> **Task data**:

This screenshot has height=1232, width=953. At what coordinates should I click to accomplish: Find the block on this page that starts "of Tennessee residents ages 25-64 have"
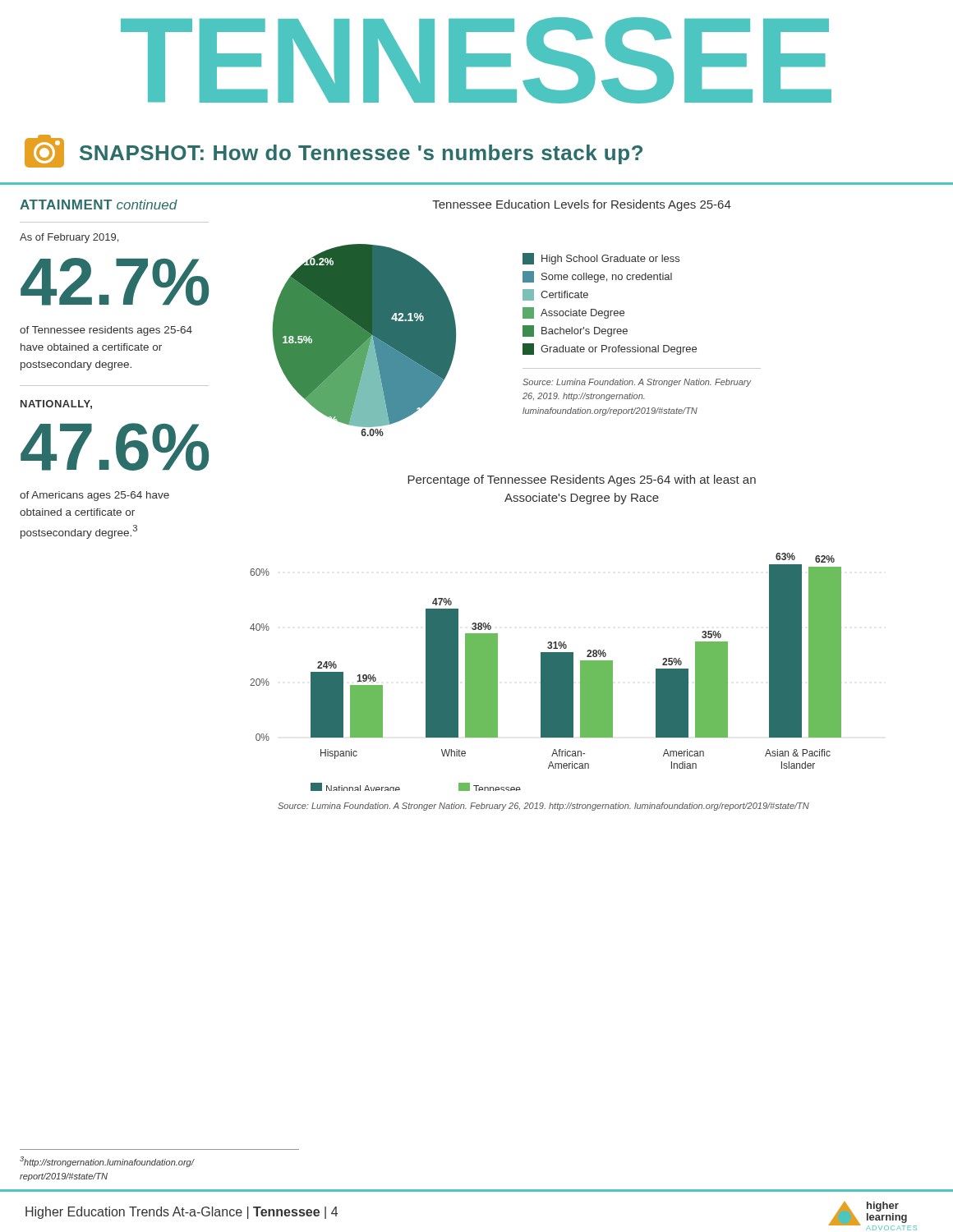click(106, 347)
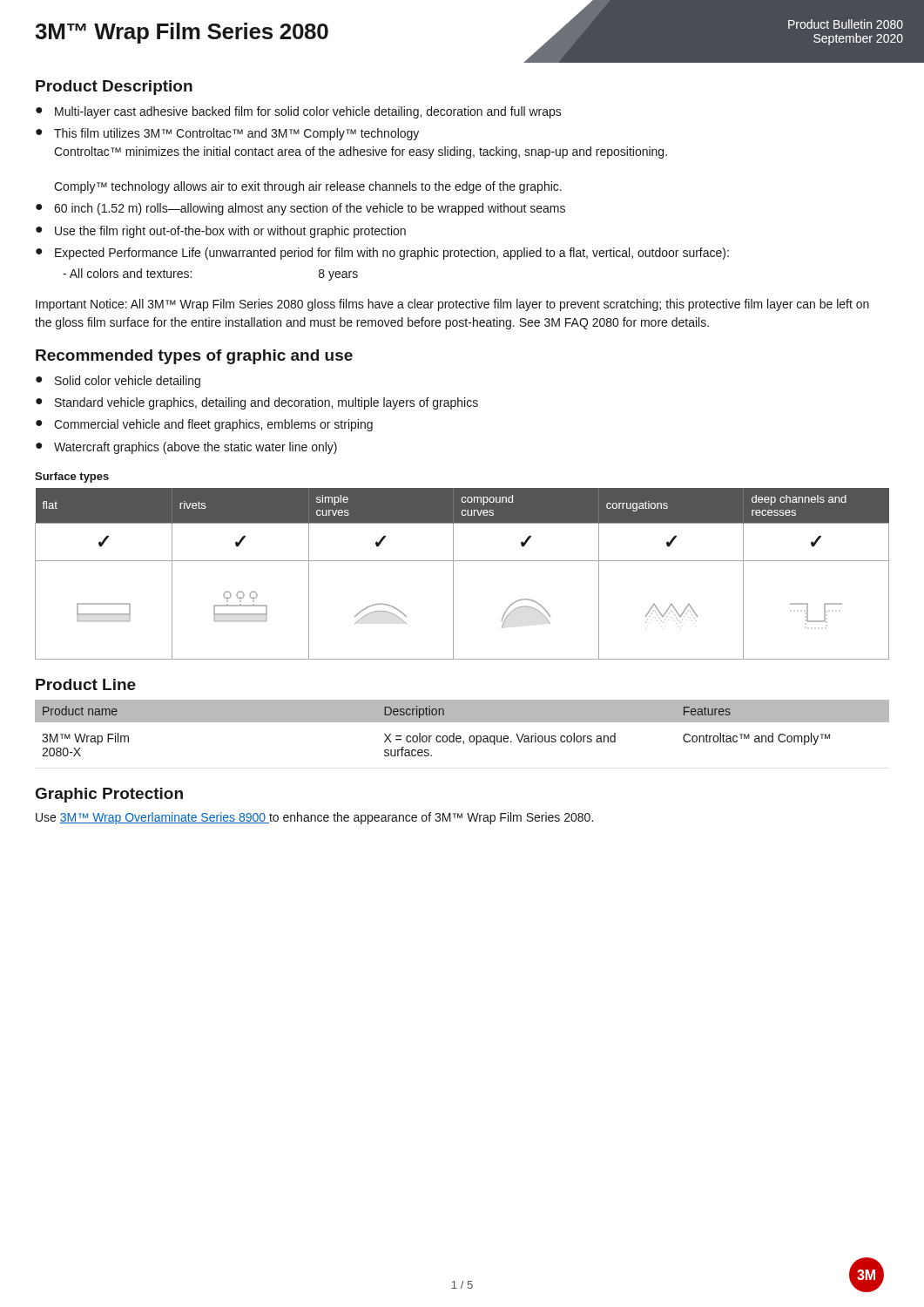Select the block starting "● Multi-layer cast adhesive backed film for solid"
The height and width of the screenshot is (1307, 924).
pyautogui.click(x=462, y=112)
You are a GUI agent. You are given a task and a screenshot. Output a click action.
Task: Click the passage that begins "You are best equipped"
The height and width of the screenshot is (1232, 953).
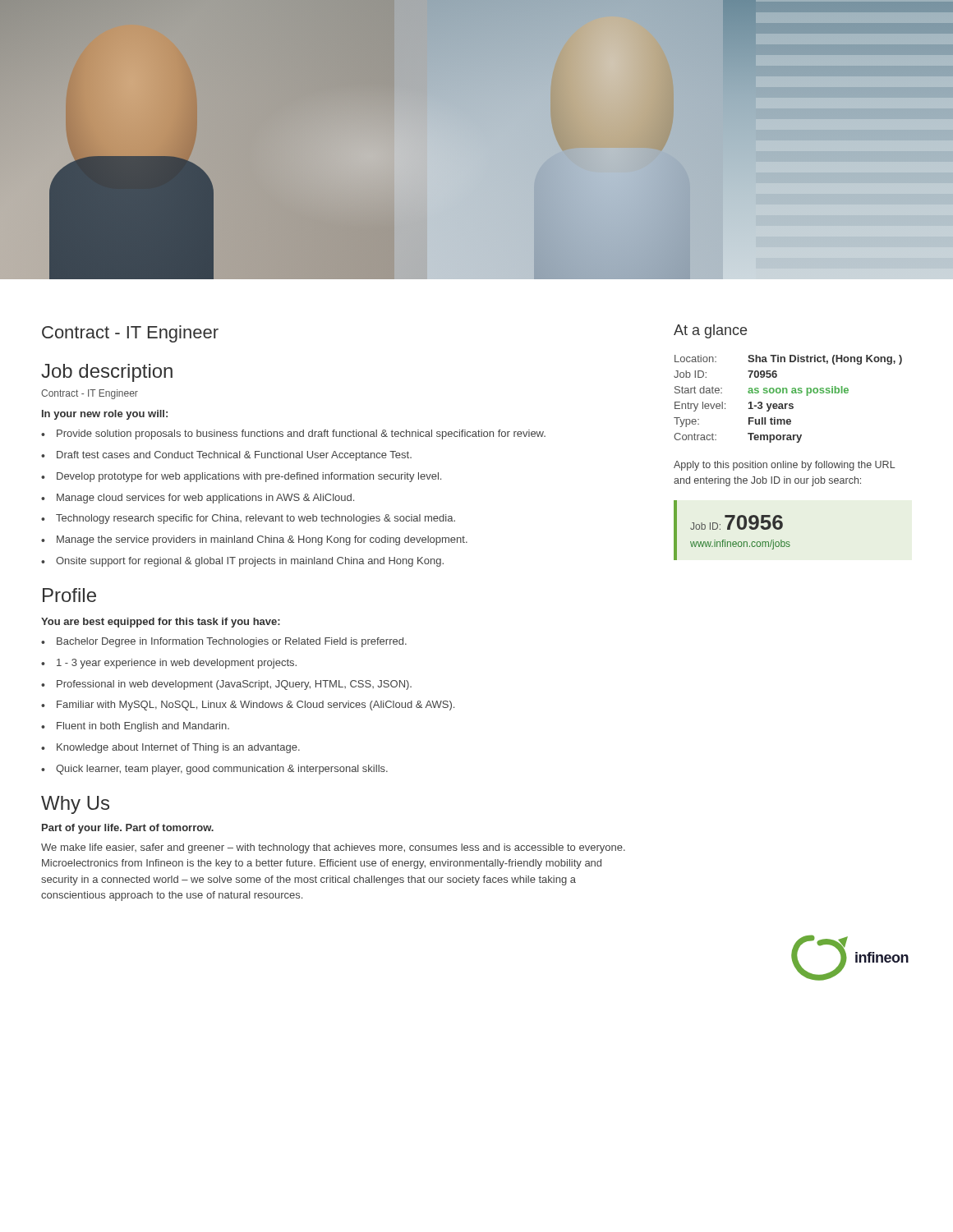(161, 621)
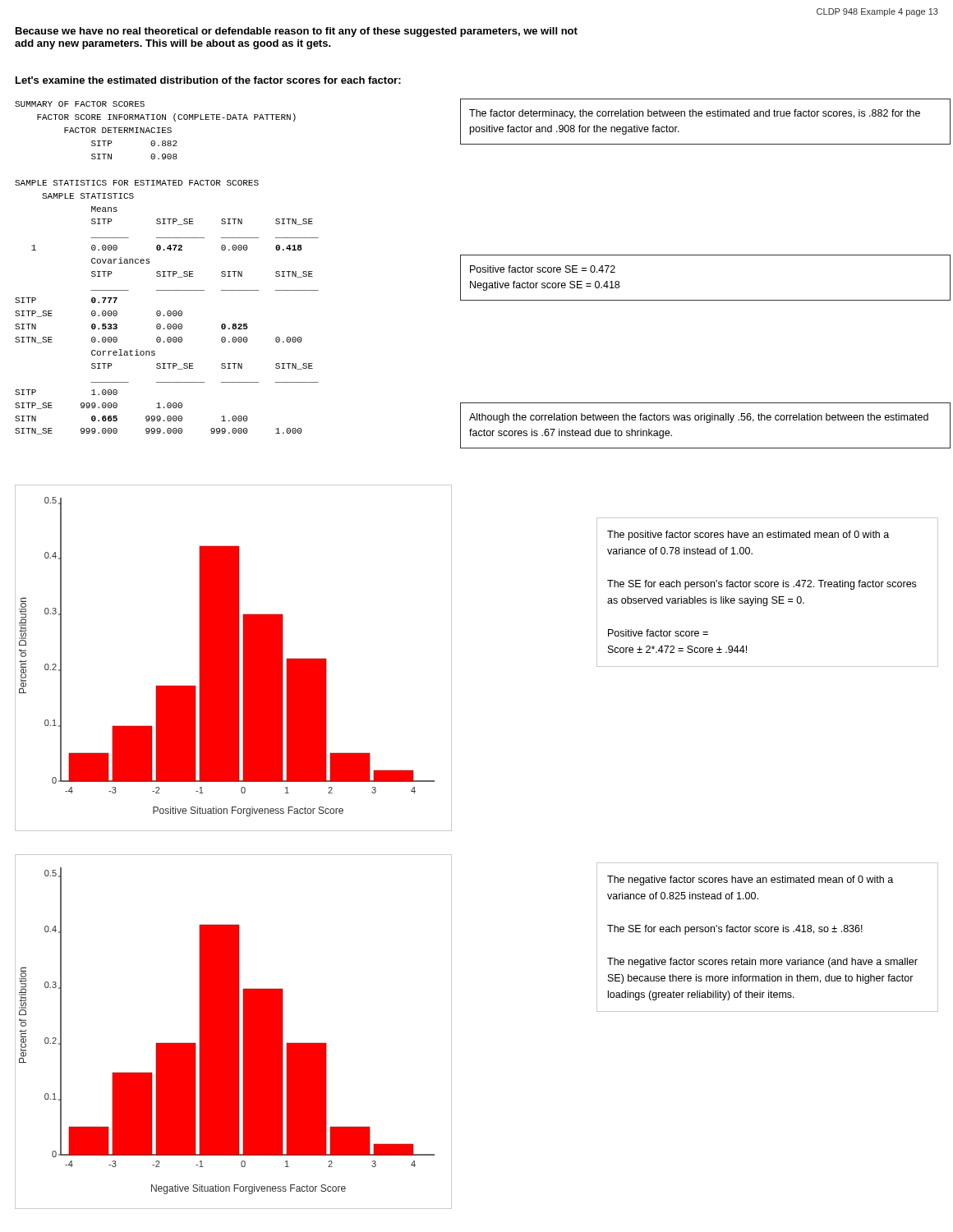
Task: Click on the text block starting "The factor determinacy, the correlation between the"
Action: 695,121
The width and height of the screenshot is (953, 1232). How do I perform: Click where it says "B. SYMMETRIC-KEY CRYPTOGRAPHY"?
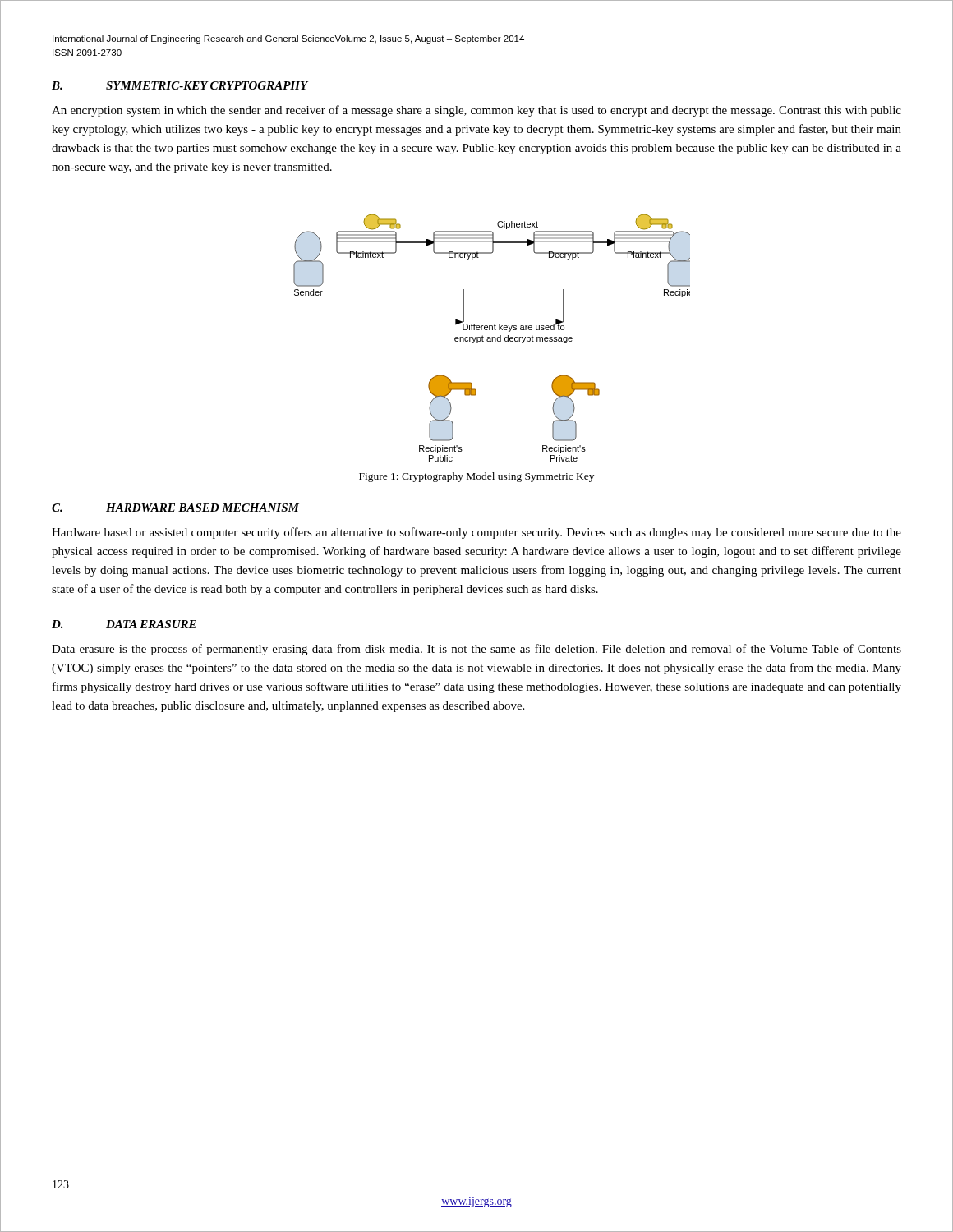180,85
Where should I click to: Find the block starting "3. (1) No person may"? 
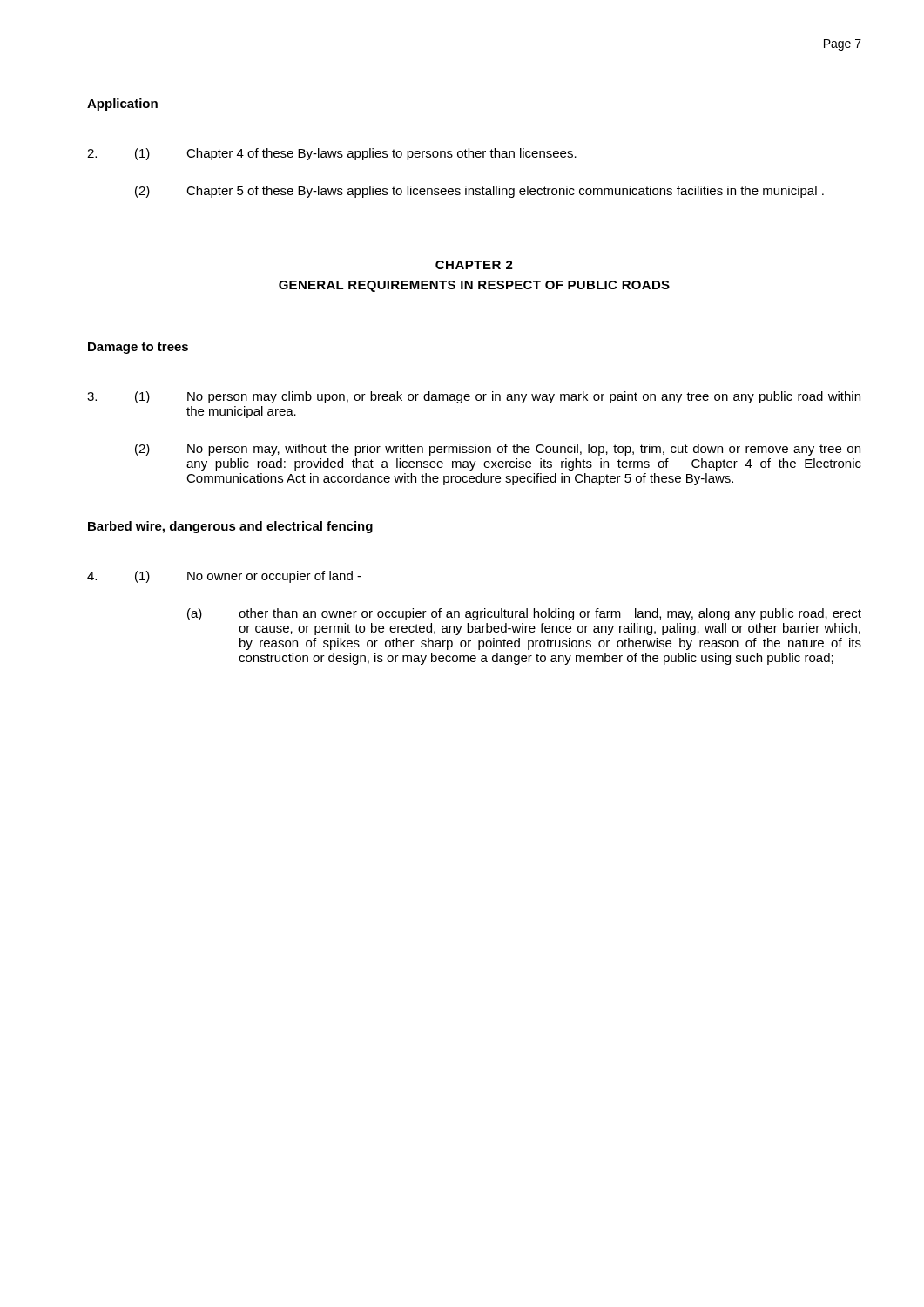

> **Exercise prompt**:
Repeat the data verbatim, excluding all pictures.

> **The answer**:
This screenshot has height=1232, width=953. At what coordinates should I click to accomplish: Find the block on this page that starts "of Tennessee residents ages 25-64 have"
click(106, 347)
Select the block starting "● Multi-layer cast adhesive backed film for solid"
The height and width of the screenshot is (1307, 924).
pyautogui.click(x=462, y=112)
You are a GUI agent. You are given a task and a screenshot. Output a click action.
Task: Click the passage that begins "You are best equipped"
The height and width of the screenshot is (1232, 953).
(161, 621)
Task: Click on the text block starting "The factor determinacy, the correlation between the"
Action: 695,121
The width and height of the screenshot is (953, 1232). How do I perform: Click where it says "B. SYMMETRIC-KEY CRYPTOGRAPHY"?
180,85
Where should I click to: Find the block starting "3. (1) No person may"? 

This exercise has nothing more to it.